En resumen: frio en gel o hielo, siempre separando la piel del frio con una bolsa de nylon, por ejemplo, para no “quemar” al piel. 15 a 20 minutos, no más. Por lo menos 3 posturas durante el día, separándolas u nmpinimo de 2 horas entre cada una.

El calor para sobrecargas, contracturas o dolores crónicos

Cuando el problema es crónico o ya lleva varios días o semanas, la estrategia cambia: el calor mejora la circulación, relaja los músculos y alivia la rigidez. Es ideal para casos de artritis, tendinosis (tendinitis que se hacen crónicas), contracturas, sobrecargas, cefaleas tensionales e incluso cólicos menstruales. La doctora Linda Mileti indica que los pacientes con osteoartritis suelen obtener alivio con calor húmedo. En tanto, el doctor Estemalik recomienda aplicar calor suave en cuello y hombros para liberar la tensión muscular. La ginecóloga Marissa Levine señala que el calor en la zona abdominal o lumbar puede disminuir los dolores menstruales.
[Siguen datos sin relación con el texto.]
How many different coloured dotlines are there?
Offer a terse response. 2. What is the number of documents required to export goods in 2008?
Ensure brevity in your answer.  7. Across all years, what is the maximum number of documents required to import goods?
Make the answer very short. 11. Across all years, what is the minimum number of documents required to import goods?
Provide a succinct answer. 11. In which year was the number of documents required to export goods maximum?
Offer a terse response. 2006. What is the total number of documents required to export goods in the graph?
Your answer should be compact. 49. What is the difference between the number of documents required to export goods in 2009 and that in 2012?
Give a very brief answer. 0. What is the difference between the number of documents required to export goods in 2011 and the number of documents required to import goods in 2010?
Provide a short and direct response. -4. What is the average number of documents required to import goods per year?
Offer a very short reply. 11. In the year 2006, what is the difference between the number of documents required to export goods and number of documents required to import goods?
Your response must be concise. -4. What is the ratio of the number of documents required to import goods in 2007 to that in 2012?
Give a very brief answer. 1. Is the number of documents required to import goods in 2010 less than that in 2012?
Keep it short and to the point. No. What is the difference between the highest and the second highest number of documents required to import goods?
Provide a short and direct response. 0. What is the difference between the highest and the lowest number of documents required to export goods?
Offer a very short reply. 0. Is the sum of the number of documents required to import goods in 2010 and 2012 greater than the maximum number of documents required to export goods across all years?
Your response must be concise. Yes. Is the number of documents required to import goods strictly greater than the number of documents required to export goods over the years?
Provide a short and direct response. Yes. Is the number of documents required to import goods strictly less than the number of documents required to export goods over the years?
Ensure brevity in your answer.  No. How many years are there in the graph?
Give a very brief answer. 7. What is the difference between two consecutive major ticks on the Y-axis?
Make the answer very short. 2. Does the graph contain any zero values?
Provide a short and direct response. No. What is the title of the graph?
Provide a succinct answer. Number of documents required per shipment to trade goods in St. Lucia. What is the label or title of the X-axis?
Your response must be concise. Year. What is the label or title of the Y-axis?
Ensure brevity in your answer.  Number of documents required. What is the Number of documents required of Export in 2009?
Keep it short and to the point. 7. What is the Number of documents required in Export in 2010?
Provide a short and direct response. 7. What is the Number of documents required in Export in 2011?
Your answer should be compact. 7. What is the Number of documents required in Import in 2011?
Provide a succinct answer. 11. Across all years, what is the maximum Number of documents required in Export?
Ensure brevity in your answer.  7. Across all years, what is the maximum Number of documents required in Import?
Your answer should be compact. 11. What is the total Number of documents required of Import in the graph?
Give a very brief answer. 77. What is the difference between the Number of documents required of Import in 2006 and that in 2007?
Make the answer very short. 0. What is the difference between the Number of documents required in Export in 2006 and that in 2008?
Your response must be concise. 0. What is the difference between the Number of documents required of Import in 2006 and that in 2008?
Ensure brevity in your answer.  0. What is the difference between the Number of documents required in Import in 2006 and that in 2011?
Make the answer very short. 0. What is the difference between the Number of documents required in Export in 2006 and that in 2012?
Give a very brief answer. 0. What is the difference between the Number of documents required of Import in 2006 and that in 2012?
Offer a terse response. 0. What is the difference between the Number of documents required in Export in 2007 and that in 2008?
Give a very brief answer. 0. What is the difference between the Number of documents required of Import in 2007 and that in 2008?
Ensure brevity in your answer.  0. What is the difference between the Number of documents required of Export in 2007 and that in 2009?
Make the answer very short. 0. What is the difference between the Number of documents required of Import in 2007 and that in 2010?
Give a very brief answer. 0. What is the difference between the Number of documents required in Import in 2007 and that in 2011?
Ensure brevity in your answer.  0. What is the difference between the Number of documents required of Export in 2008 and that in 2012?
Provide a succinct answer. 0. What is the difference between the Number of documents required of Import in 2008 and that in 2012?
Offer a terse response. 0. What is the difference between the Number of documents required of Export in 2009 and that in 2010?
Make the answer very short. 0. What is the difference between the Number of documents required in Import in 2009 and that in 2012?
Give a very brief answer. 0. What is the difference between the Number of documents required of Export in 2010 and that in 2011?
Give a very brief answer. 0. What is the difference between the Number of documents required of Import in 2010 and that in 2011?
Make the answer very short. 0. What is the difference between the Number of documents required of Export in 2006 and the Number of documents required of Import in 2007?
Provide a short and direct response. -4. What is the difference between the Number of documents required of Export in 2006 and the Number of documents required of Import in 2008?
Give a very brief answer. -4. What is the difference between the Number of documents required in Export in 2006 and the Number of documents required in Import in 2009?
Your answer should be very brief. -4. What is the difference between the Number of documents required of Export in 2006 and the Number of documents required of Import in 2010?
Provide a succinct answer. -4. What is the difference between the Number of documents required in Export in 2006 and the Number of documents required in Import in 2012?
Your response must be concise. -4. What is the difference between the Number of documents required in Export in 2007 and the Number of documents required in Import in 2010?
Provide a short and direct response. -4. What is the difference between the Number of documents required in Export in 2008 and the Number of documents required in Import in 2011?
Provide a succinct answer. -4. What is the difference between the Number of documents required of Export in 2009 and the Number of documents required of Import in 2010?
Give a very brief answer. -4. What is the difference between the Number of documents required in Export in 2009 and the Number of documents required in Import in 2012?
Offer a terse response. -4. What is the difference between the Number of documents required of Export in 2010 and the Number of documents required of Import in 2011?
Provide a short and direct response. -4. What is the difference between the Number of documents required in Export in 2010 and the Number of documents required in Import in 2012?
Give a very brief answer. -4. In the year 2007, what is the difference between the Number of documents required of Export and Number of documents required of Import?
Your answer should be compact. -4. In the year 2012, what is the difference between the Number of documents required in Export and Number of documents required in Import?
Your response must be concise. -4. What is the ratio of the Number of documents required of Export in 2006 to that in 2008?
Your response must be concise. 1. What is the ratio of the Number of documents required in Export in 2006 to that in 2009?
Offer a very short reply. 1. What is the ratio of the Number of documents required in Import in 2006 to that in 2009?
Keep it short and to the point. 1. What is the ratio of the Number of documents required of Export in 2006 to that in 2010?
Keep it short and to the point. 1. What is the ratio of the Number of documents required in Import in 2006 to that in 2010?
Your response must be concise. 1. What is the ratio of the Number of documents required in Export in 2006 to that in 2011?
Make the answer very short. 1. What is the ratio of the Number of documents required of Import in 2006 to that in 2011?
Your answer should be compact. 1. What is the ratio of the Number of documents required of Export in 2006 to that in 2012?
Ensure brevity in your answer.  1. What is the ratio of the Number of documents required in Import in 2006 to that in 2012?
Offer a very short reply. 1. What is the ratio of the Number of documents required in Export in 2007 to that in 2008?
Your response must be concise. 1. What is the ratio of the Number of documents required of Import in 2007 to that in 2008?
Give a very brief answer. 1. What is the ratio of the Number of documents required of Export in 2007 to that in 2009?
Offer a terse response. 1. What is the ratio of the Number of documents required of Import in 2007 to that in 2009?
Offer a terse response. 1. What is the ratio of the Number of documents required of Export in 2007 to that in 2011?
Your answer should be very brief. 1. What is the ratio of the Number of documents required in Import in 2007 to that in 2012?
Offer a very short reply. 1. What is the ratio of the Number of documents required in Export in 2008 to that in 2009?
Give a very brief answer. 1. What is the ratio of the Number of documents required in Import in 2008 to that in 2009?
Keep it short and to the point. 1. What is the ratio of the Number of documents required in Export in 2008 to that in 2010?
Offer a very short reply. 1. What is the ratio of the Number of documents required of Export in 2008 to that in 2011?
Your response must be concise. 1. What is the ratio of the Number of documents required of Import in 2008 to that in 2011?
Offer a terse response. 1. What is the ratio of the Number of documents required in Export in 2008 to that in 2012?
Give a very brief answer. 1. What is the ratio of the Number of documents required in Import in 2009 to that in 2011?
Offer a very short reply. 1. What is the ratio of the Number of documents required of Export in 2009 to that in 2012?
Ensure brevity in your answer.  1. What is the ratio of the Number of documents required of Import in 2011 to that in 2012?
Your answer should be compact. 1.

En resumen: el calor puede aplicarse con almohadillas térmicas, compresas adhesivas, bolsas de agua caliente, paños calientes, duchas o baños calientes, pero no más de 20 minutos por sesión. Si la piel se enrojece o se siente demasiado caliente, se debe interrumpir inmediatamente la aplicación.

En algunos cuadros, como distensiones musculares o esguinces, puede ser útil combinar ambas terapias, tratamiento también conocido como “baños de contraste”: frío durante la fase inicial para reducir la inflamación y, una vez controlada, calor para aliviar la rigidez.

Los especialistas subrayan que ni el frío ni el calor deben usarse de forma prolongada ni en zonas con sensibilidad alterada —por ejemplo, en personas con neuropatías o síndrome de Raynaud—. Y si el dolor no mejora o empeora tras aplicar estas medidas, la recomendación es clara: consultar a un profesional médico para identificar la causa y definir el tratamiento adecuado.